You decided to go into wholesaling. I have tried this, and I failed. I want to hear all about how you went into wholesaling, how hard it was to get started. First, let's start with why you decided to do it. Then we'll talk about how hard it was to start and how much work it is, because I know it's a lot of work.
[0:31:02] BM: It is a ton of work. I decided to go into wholesale about four years ago, I think. I just felt like I had maxed out on the retail level, because at a time, I was only doing retail shows, such as the farmer's market, or a craft market, or Harvest Fest, types of shows like that.
[0:31:23] KM: Or the War Eagle Festival.
[0:31:25] BM: Or War Eagle. Yeah. Well, I did War Eagle for the first time this year, which was great. Those are what I call – when I say retail shows, that's what I'm referring to, because I'm selling at retail. I felt like I had maxed down on that level of – I mean, you can always make more money, but I needed to find another outlet to make money.
[0:31:42] KM: Revenue income stream.
[0:31:43] BM: Exactly. I thought selling to stores, you know I had a handful of wholesale accounts at the time. I did consignment with a few places, but I wanted to cut all that consignment out and just do wholesale.

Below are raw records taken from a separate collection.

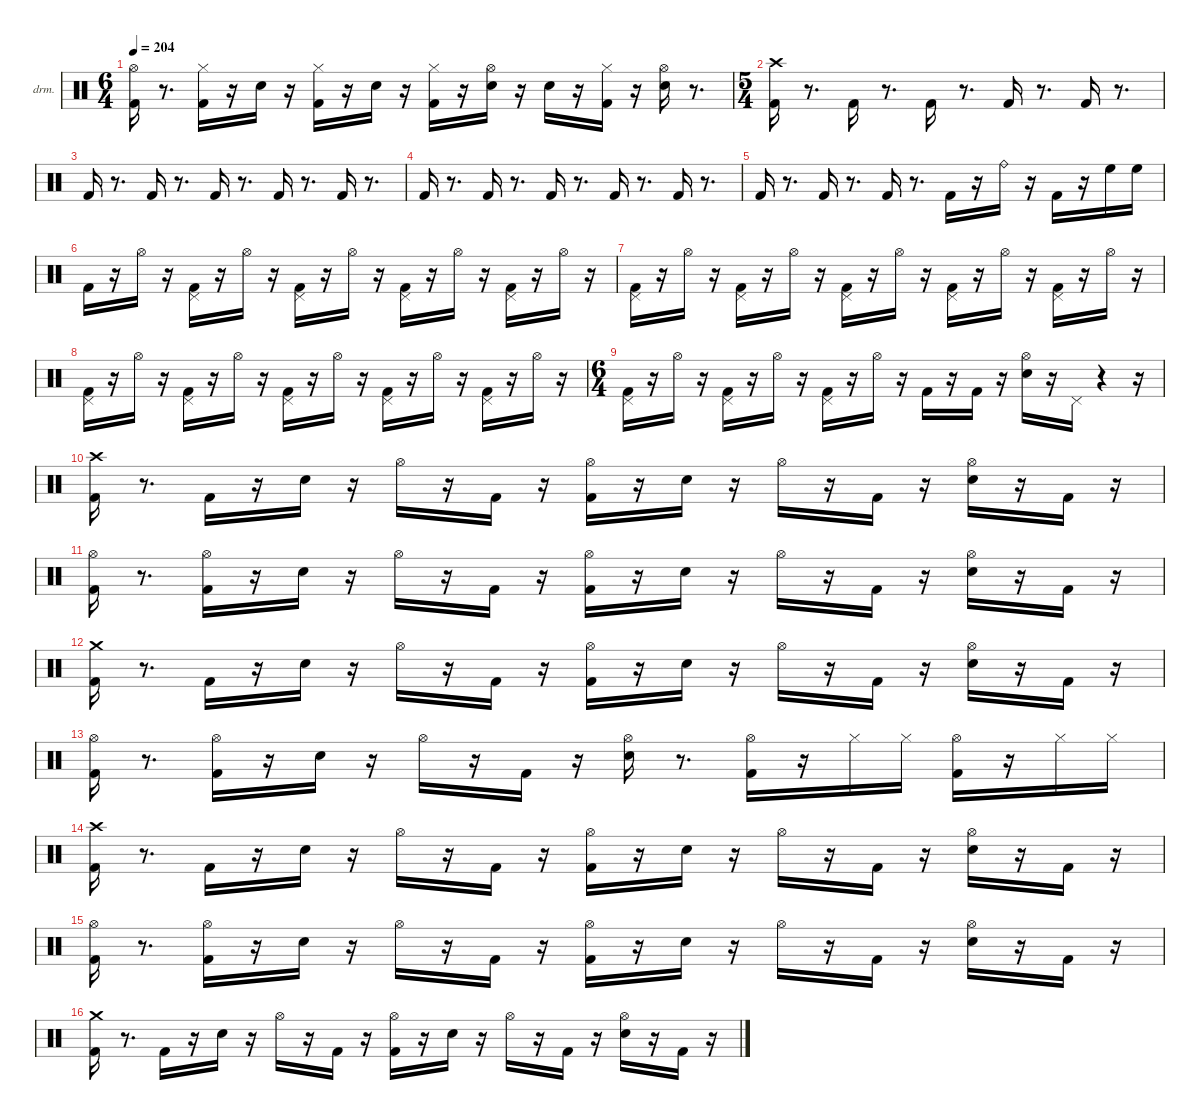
\hideDynamics
\bracketExtendMode nobrackets
\firstSystemTrackNameOrientation horizontal
\track ("drums" "drm.") {instrument percussion}
\staff {score}
\articulation defaults
\ts (6 4)
\tempo 204
\clef neutral
\ks aminor
("Kick (hit) 2" "Hi-Hat (open)"{acc #}).16{dy ff beam Down} r.8{d beam Down} ("Kick (hit) 2" "Hi-Hat (closed)"{acc #}).16{beam Down} r.16{beam Down} "Snare (hit) 2".16{dy f beam Down} r.16{beam Down} ("Kick (hit) 2" "Hi-Hat (closed)"{acc #}).16{dy ff beam Down} r.16{beam Down} "Snare (hit) 2".16{beam Down} r.16{beam Down} ("Kick (hit) 2" "Hi-Hat (closed)"{acc #}).16{beam Down} r.16{beam Down} ("Snare (hit) 2" "Hi-Hat (open)"{acc #}).16{beam Down} r.16{beam Down} "Snare (hit) 2".16{dy mf beam Down} r.16{beam Down} ("Kick (hit) 2" "Hi-Hat (closed)"{acc #}).16{dy ff beam Down} r.16{beam Down} ("Snare (hit) 2" "Hi-Hat (open)"{acc #}).16{beam Down} r.8{d beam Down} |
\ts (5 4)
("Kick (hit) 2" "Crash high (hit)"{acc #}).16{dy fff beam Down} r.8{d beam Down} "Kick (hit) 2".16{dy mp beam Down} r.8{d beam Down} "Kick (hit) 2".16{dy mf beam Down} r.8{d beam Down} "Kick (hit) 2".16{dy f beam Up} r.8{d beam Up} "Kick (hit) 2".16{dy p beam Up} r.8{d beam Down} |
"Kick (hit) 2".16{dy fff beam Up} r.8{d beam Up} "Kick (hit) 2".16{dy mp beam Up} r.8{d beam Up} "Kick (hit) 2".16{dy mf beam Up} r.8{d beam Down} "Kick (hit) 2".16{dy f beam Up} r.8{d beam Up} "Kick (hit) 2".16{dy p beam Up} r.8{d beam Down} |
"Kick (hit) 2".16{dy fff beam Up} r.8{d beam Up} "Kick (hit) 2".16{dy mp beam Up} r.8{d beam Up} "Kick (hit) 2".16{dy mf beam Up} r.8{d beam Down} "Kick (hit) 2".16{dy f beam Up} r.8{d beam Up} "Kick (hit) 2".16{dy p beam Up} r.8{d beam Down} |
"Kick (hit) 2".16{dy fff beam Up} r.8{d beam Up} "Kick (hit) 2".16{dy mp beam Up} r.8{d beam Up} "Kick (hit) 2".16{dy mf beam Up} r.8{d beam Down} "Kick (hit) 2".16{dy f beam Down} r.16{beam Down} "Ride (bell)".16{dy ff beam Down} r.16{beam Down} "Kick (hit) 2".16{dy p beam Down} r.16{beam Down} "High Floor Tom (hit)".16{dy ff beam Down} "High Floor Tom (hit)".16{dy mf beam Down} |
"Kick (hit) 2".16{dy fff beam Down} r.16{beam Down} "Hi-Hat (open)"{acc #}.16{beam Down} r.16{beam Down} ("Kick (hit) 2" "Pedal Hi-Hat (hit)"{acc #}).16{dy mp beam Down} r.16{beam Down} "Hi-Hat (open)"{acc #}.16{dy fff beam Down} r.16{beam Down} ("Kick (hit) 2" "Pedal Hi-Hat (hit)"{acc #}).16{dy mf beam Down} r.16{beam Down} "Hi-Hat (open)"{acc #}.16{dy fff beam Down} r.16{beam Down} ("Kick (hit) 2" "Pedal Hi-Hat (hit)"{acc #}).16{dy f beam Down} r.16{beam Down} "Hi-Hat (open)"{acc #}.16{dy fff beam Down} r.16{beam Down} ("Kick (hit) 2" "Pedal Hi-Hat (hit)"{acc #}).16{dy p beam Down} r.16{beam Down} "Hi-Hat (open)"{acc #}.16{dy fff beam Down} r.16{beam Down} |
("Kick (hit) 2" "Pedal Hi-Hat (hit)"{acc #}).16{beam Down} r.16{beam Down} "Hi-Hat (open)"{acc #}.16{beam Down} r.16{beam Down} ("Kick (hit) 2" "Pedal Hi-Hat (hit)"{acc #}).16{dy mp beam Down} r.16{beam Down} "Hi-Hat (open)"{acc #}.16{dy fff beam Down} r.16{beam Down} ("Kick (hit) 2" "Pedal Hi-Hat (hit)"{acc #}).16{dy mf beam Down} r.16{beam Down} "Hi-Hat (open)"{acc #}.16{dy fff beam Down} r.16{beam Down} ("Kick (hit) 2" "Pedal Hi-Hat (hit)"{acc #}).16{dy f beam Down} r.16{beam Down} "Hi-Hat (open)"{acc #}.16{dy fff beam Down} r.16{beam Down} ("Kick (hit) 2" "Pedal Hi-Hat (hit)"{acc #}).16{dy p beam Down} r.16{beam Down} "Hi-Hat (open)"{acc #}.16{dy fff beam Down} r.16{beam Down} |
("Kick (hit) 2" "Pedal Hi-Hat (hit)"{acc #}).16{beam Down} r.16{beam Down} "Hi-Hat (open)"{acc #}.16{beam Down} r.16{beam Down} ("Kick (hit) 2" "Pedal Hi-Hat (hit)"{acc #}).16{dy mp beam Down} r.16{beam Down} "Hi-Hat (open)"{acc #}.16{dy fff beam Down} r.16{beam Down} ("Kick (hit) 2" "Pedal Hi-Hat (hit)"{acc #}).16{dy mf beam Down} r.16{beam Down} "Hi-Hat (open)"{acc #}.16{dy fff beam Down} r.16{beam Down} ("Kick (hit) 2" "Pedal Hi-Hat (hit)"{acc #}).16{dy f beam Down} r.16{beam Down} "Hi-Hat (open)"{acc #}.16{dy fff beam Down} r.16{beam Down} ("Kick (hit) 2" "Pedal Hi-Hat (hit)"{acc #}).16{dy p beam Down} r.16{beam Down} "Hi-Hat (open)"{acc #}.16{dy fff beam Down} r.16{beam Down} |
\ts (6 4)
("Kick (hit) 2" "Pedal Hi-Hat (hit)"{acc #}).16{beam Down} r.16{beam Down} "Hi-Hat (open)"{acc #}.16{beam Down} r.16{beam Down} ("Kick (hit) 2" "Pedal Hi-Hat (hit)"{acc #}).16{dy mp beam Down} r.16{beam Down} "Hi-Hat (open)"{acc #}.16{dy fff beam Down} r.16{beam Down} ("Kick (hit) 2" "Pedal Hi-Hat (hit)"{acc #}).16{dy mf beam Down} r.16{beam Down} "Hi-Hat (open)"{acc #}.16{dy fff beam Down} r.16{beam Down} "Kick (hit) 2".16{dy mf beam Down} r.16{beam Down} "Kick (hit) 2".16{dy ff beam Down} r.16{beam Down} ("Snare (hit) 2" "Hi-Hat (open)"{acc #}).16{dy fff beam Down} r.16{beam Down} "Pedal Hi-Hat (hit)"{acc #}.16{dy ff beam Down} r.4{beam Down} r.16{beam Down} |
("Kick (hit) 2" "Crash high (hit)"{acc #}).16{dy fff beam Down} r.8{d beam Down} "Kick (hit) 2".16{dy f beam Down} r.16{beam Down} "Snare (hit) 2".16{dy ff beam Down} r.16{beam Down} "Hi-Hat (open)"{acc #}.16{dy f beam Down} r.16{beam Down} "Kick (hit) 2".16{dy mf beam Down} r.16{beam Down} ("Kick (hit) 2" "Hi-Hat (open)"{acc #}).16{dy f beam Down} r.16{beam Down} "Snare (hit) 2".16{dy ff beam Down} r.16{beam Down} "Hi-Hat (open)"{acc #}.16{dy mf beam Down} r.16{beam Down} "Kick (hit) 2".16{dy ff beam Down} r.16{beam Down} ("Snare (hit) 2" "Hi-Hat (open)"{acc #}).16{beam Down} r.16{beam Down} "Kick (hit) 2".16{dy mf beam Down} r.16{beam Down} |
("Kick (hit) 2" "Hi-Hat (open)"{acc #}).16{dy fff beam Down} r.8{d beam Down} ("Kick (hit) 2" "Hi-Hat (open)"{acc #}).16{dy ff beam Down} r.16{beam Down} "Snare (hit) 2".16{beam Down} r.16{beam Down} "Hi-Hat (open)"{acc #}.16{dy f beam Down} r.16{beam Down} "Kick (hit) 2".16{beam Down} r.16{beam Down} ("Kick (hit) 2" "Hi-Hat (open)"{acc #}).16{dy ff beam Down} r.16{beam Down} "Snare (hit) 2".16{beam Down} r.16{beam Down} "Hi-Hat (open)"{acc #}.16{dy mf beam Down} r.16{beam Down} "Kick (hit) 2".16{dy ff beam Down} r.16{beam Down} ("Snare (hit) 2" "Hi-Hat (open)"{acc #}).16{beam Down} r.16{beam Down} "Kick (hit) 2".16{beam Down} r.16{beam Down} |
("Kick (hit) 2" "Crash medium (hit)").16{dy fff beam Down} r.8{d beam Down} "Kick (hit) 2".16{dy f beam Down} r.16{beam Down} "Snare (hit) 2".16{dy ff beam Down} r.16{beam Down} "Hi-Hat (open)"{acc #}.16{dy f beam Down} r.16{beam Down} "Kick (hit) 2".16{dy mf beam Down} r.16{beam Down} ("Kick (hit) 2" "Hi-Hat (open)"{acc #}).16{dy f beam Down} r.16{beam Down} "Snare (hit) 2".16{dy ff beam Down} r.16{beam Down} "Hi-Hat (open)"{acc #}.16{dy mf beam Down} r.16{beam Down} "Kick (hit) 2".16{dy ff beam Down} r.16{beam Down} ("Snare (hit) 2" "Hi-Hat (open)"{acc #}).16{beam Down} r.16{beam Down} "Kick (hit) 2".16{dy mf beam Down} r.16{beam Down} |
("Kick (hit) 2" "Hi-Hat (open)"{acc #}).16{dy fff beam Down} r.8{d beam Down} ("Kick (hit) 2" "Hi-Hat (open)"{acc #}).16{dy ff beam Down} r.16{beam Down} "Snare (hit) 2".16{beam Down} r.16{beam Down} "Hi-Hat (open)"{acc #}.16{dy f beam Down} r.16{beam Down} "Kick (hit) 2".16{beam Down} r.16{beam Down} ("Snare (hit) 2" "Hi-Hat (open)"{acc #}).16{dy fff beam Down} r.8{d beam Down} ("Kick (hit) 2" "Hi-Hat (open)"{acc #}).16{dy ff beam Down} r.16{beam Down} "Hi-Hat (closed)"{acc #}.16{beam Down} "Hi-Hat (closed)"{acc #}.16{dy mf beam Down} ("Kick (hit) 2" "Hi-Hat (open)"{acc #}).16{dy ff beam Down} r.16{beam Down} "Hi-Hat (closed)"{acc #}.16{beam Down} "Hi-Hat (closed)"{acc #}.16{dy mf beam Down} |
("Kick (hit) 2" "Crash high (hit)"{acc #}).16{dy fff beam Down} r.8{d beam Down} "Kick (hit) 2".16{dy f beam Down} r.16{beam Down} "Snare (hit) 2".16{dy ff beam Down} r.16{beam Down} "Hi-Hat (open)"{acc #}.16{dy f beam Down} r.16{beam Down} "Kick (hit) 2".16{dy mf beam Down} r.16{beam Down} ("Kick (hit) 2" "Hi-Hat (open)"{acc #}).16{dy f beam Down} r.16{beam Down} "Snare (hit) 2".16{dy ff beam Down} r.16{beam Down} "Hi-Hat (open)"{acc #}.16{dy mf beam Down} r.16{beam Down} "Kick (hit) 2".16{dy ff beam Down} r.16{beam Down} ("Snare (hit) 2" "Hi-Hat (open)"{acc #}).16{beam Down} r.16{beam Down} "Kick (hit) 2".16{dy mf beam Down} r.16{beam Down} |
("Kick (hit) 2" "Hi-Hat (open)"{acc #}).16{dy fff beam Down} r.8{d beam Down} ("Kick (hit) 2" "Hi-Hat (open)"{acc #}).16{dy ff beam Down} r.16{beam Down} "Snare (hit) 2".16{beam Down} r.16{beam Down} "Hi-Hat (open)"{acc #}.16{dy f beam Down} r.16{beam Down} "Kick (hit) 2".16{beam Down} r.16{beam Down} ("Kick (hit) 2" "Hi-Hat (open)"{acc #}).16{dy ff beam Down} r.16{beam Down} "Snare (hit) 2".16{beam Down} r.16{beam Down} "Hi-Hat (open)"{acc #}.16{dy mf beam Down} r.16{beam Down} "Kick (hit) 2".16{dy ff beam Down} r.16{beam Down} ("Snare (hit) 2" "Hi-Hat (open)"{acc #}).16{beam Down} r.16{beam Down} "Kick (hit) 2".16{beam Down} r.16{beam Down} |
("Kick (hit) 2" "Crash medium (hit)").16{dy fff beam Down} r.8{d beam Down} "Kick (hit) 2".16{dy f beam Down} r.16{beam Down} "Snare (hit) 2".16{dy ff beam Down} r.16{beam Down} "Hi-Hat (open)"{acc #}.16{dy f beam Down} r.16{beam Down} "Kick (hit) 2".16{dy mf beam Down} r.16{beam Down} ("Kick (hit) 2" "Hi-Hat (open)"{acc #}).16{dy f beam Down} r.16{beam Down} "Snare (hit) 2".16{dy ff beam Down} r.16{beam Down} "Hi-Hat (open)"{acc #}.16{dy mf beam Down} r.16{beam Down} "Kick (hit) 2".16{dy ff beam Down} r.16{beam Down} ("Snare (hit) 2" "Hi-Hat (open)"{acc #}).16{beam Down} r.16{beam Down} "Kick (hit) 2".16{dy mf beam Down} r.16{beam Down}

[0:31:53] KM: Yeah, because you have to keep up with the money.
[0:31:54] BM: Yeah. It's too much paperwork. Yeah.
[0:31:55] KM: Like, did you sell this? Did you sell that?
[0:31:57] BM: Especially with jewelry. One-of-a-kind jewelry, because see, at the time, all my jewelry was one-of-a-kind. I would sit down and make 20 necklaces at once that were all different, or 20 pairs of earrings. That was really hard, too.
[0:32:06] KM: She’s a hard worker, just like I said.
[0:32:07] BM: That was really hard, too, but it was also something nice about my jewelry. Whenever I switched – I didn't really switch to wholesale, but whenever I started wholesaling, I had to think in quantities. Can I make 100 of those earrings if somebody were to order them? I started having to order my supplies on that system, too. That was a hard thing to learn also. I decided that I wanted to try wholesale. I took an online course with a jewelry designer in Pennsylvania. She did these online, had a wholesale.
[0:32:37] KM: There's an online course –
[0:32:38] BM: There’s an online course for everything now.
[0:32:40] KM: All right.
[0:32:41] BM: I've thought about it, too. Sharing my knowledge. Anyway, so I took her wholesale basics course, or whatever she called it. I signed up for the gift market in January at Dallas Market Center, and drove down there by myself. One of my friends met me there to help me set up, because I was nervous. I'd never done anything like this. I was on 13th floor of the Dallas Trade Center. She came in and we got set up and it was such a learning experience. I didn't even rent lights for my booth, my set up.
I mean, it was a cute set up, but, I mean, if you could see it then and see it now, you would know exactly what I'm talking about. It was a great place to get my feet wet, because Dallas, it was at the time, the most affordable trade show to do. I could drive in and I didn't have to fly and ship my freight, which now I have to do all that. But yeah, I covered all my costs. I made a little money and filled my orders.
[0:33:37] KM: You went to the Dallas Trade Show, which I actually went to school in [inaudible 0:33:41].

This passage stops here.